Previously, the Visualizer had no Description information populated in Windows Services. The following Description is now displayed: Enables users to generate visual representations of indexed data.

Indexer Service: no details under Description

Previously, the Analytics Engine (Indexer) had no Description information populated in Windows Services. The following Description is now displayed: Retrieves data and metadata from your files and turns them into an index pattern that can be later used to visualize your data.

AddHashAndExtractedText (text extraction on msg file): logs filling up with warning message for fromAddress on every item

Previously, when running AddHashAndExtractedText on message files, the from Address was populating into the index, but there were warning messages for every item in the log file. The warnings resulted from using a local email server and therefore user name(s) (for example, Administrator) were used to send/receive email messages, rather than fully qualified email addresses. The logging level for the warning is reduced to address this situation.

ExtractAndCrawlPST - command line not ending when adding adding to index

When running the ExtractAndCrawlPST operation to add new PST files to an existing index that has already had ExtractAndCrawlPST performed, the command line hangs and does not complete. This issue is fixed and the operation now performs as expected.

CrawlExchange - display the body of the message in the full text field instead in the Body field

When using the CrawlExchange operation, the body of an email message was previously displayed in the the body field of the index.

Now, the body of the message is displayed in the full text field, so that the text and the content in the message is stored consistently in the same field for all the connectors.

Steps to take if Exchange has been crawled before the release of Cognitive Toolkit 2.10:

Remove the body field in the index and re-crawl.

CrawlExchange - if message contains in-line attachment, hasAttachment flag should be set to true

Exchange allows emails to include in-line attachments. When the CrawlExchange operation is run and in-line attachments are detected in an email, the field hasAttachments is set to true.

Cognitive Toolkit - Update to Net7

Cognitive Toolkit has been updated from .NET 6 to .NET 7. NET is an open-source, managed computer software framework for Windows, Linux, and macOS operating systems.

FileSystem - Smart text extraction

Previously, when a folder was renamed, AddHashAndExtractedText treated every file with a changed path as a new file, requiring text extraction to be repeated.

Now, each hash is verified to ensure the file has not changed, even though the path name changed. If a file is found to be the same, text extraction is not performed on that file.

Images within Exchange emails are not being identified

Previously, image in the body of emails were not identified.

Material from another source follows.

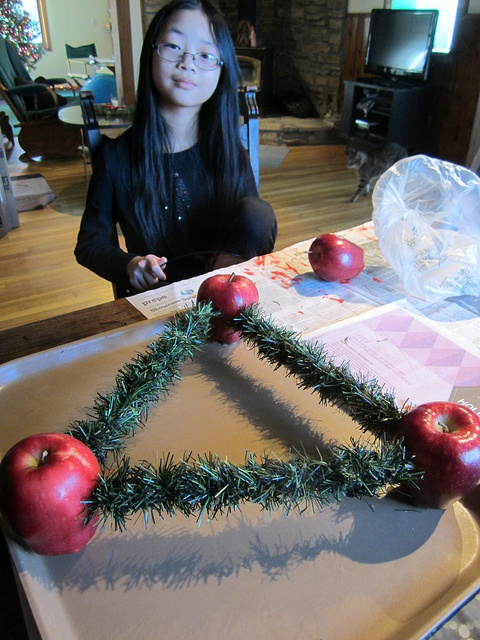Describe the objects in this image and their specific colors. I can see dining table in maroon, darkgray, black, lavender, and gray tones, people in maroon, black, navy, darkgray, and gray tones, apple in maroon, black, salmon, and brown tones, apple in maroon, black, salmon, and brown tones, and chair in maroon, black, teal, and darkblue tones in this image. 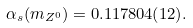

Now, in-line attachments in email are detected and the index field hasAttachments is set to true.

AddHashAndExtractedText - issues with Content Server documents

There were two issues with Content Server documents that have both been resolved:

Documents with no text, such as image attachments, were logged as errors during text extraction. Now, they're properly returning empty text.
Emails without metadata were logged as errors and all extracted text was discarded. Now, the extracted text is retained and no metadata shows up in the index.

CrawlExchange - handling long reply bodies

To view only the most relevant information from an email in Discovery Search, set the --max-characters option in CrawlExchange to display a predetermined number of characters, rather than an entire body of email replies. This feature performs as expected for Exchange Online and will display only the length of characters allowed in Discovery Search results.

CrawlSharePoint - Path-valid=false is not reset when file is present and crawled again

Previously, files that had been flagged as path-valid=false (after being moved to a different folder) were not reset when a re-crawl was performed and the file was found again. AddPathValidation now restores the value of the field to: path-valid = true upon completion of a successful crawl.

Known Issues

Crawling all the emails and attachments from public folders

The CrawlExchange operation crawls all emails and attachments in public folders. Posts are not crawled at this time.